The Kadison-Singer problem has a positive solution

You need to know: Set ${\mathbb C}$ of complex numbers, complex conjugate $\bar{z}$ and absolute value $|z|$ of $z\in {\mathbb C}$ .

Background: Let ${\mathbb C}^d$ be the set of vectors $x=(x_1,\dots,x_d)$ with complex components $x_i$ . Denote $\langle x,y \rangle = \sum\limits_{i=1}^d x_i \bar{y_i}$ the inner product in ${\mathbb C}^d$ . Let $||x||=\sqrt{\langle x,x \rangle}$ be the norm in ${\mathbb C}^d$ . We say that $u\in {\mathbb C}^d$ is a unit vector if $||u||=1$ .

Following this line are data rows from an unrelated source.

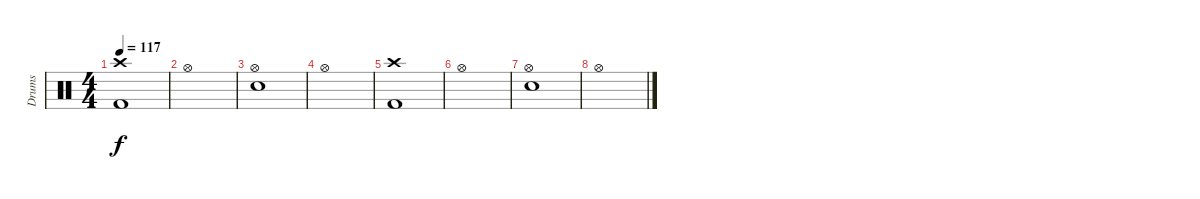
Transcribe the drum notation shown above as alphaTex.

\track ("Drums" "Drums") {instrument percussion}
\staff {score}
\articulation defaults
\ts (4 4)
\tempo 117
\clef neutral
\ks c
("Crash high (hit)" "Kick (hit) 2").1{dy f} |
"Hi-Hat (open)".1 |
("Hi-Hat (open)" "Snare (hit) 2").1 |
"Hi-Hat (open)".1 |
("Crash high (hit)" "Kick (hit) 2").1 |
"Hi-Hat (open)".1 |
("Hi-Hat (open)" "Snare (hit) 2").1 |
"Hi-Hat (open)".1

The Theorem: On 17th June 2013, Adam Marcus, Daniel Spielman, and Nikhil Srivastava submitted to arxiv a paper in which they proved the following result. There exist universal constants $\eta\geq 2$ and $\theta>0$ so that the following holds. Let $w_1,\dots,w_m \in {\mathbb C}^d$ satisfy $||w_i|| \leq 1$ for all i and suppose $\sum\limits_{i=1}^m |\langle u,w_i \rangle|^2=\eta$ for every unit vector $u\in {\mathbb C}^d$ . Then there exists a partition $S_1, S_2$ of $\{1,\dots,m\}$ so that $\sum\limits_{i\in S_j} |\langle u,w_i \rangle|^2 \leq \eta - \theta$ , for every unit vector $u\in {\mathbb C}^d$ and each $j\in\{1,2\}$ .

Short context: The statement of the Theorem is one of many equivalent formulations of famous Kadison-Singer problem. In was posed in 1959 in the language of functional analysis. Later, it was discovered that numerous open problems in pure mathematics, applied mathematics, engineering and computer science are all equivalent to this problem. Hence, it was sufficient to solve one of these problems to solve them all. This is what the Theorem achieves!

Links: Free arxiv version of the original paper is here, journal version is here.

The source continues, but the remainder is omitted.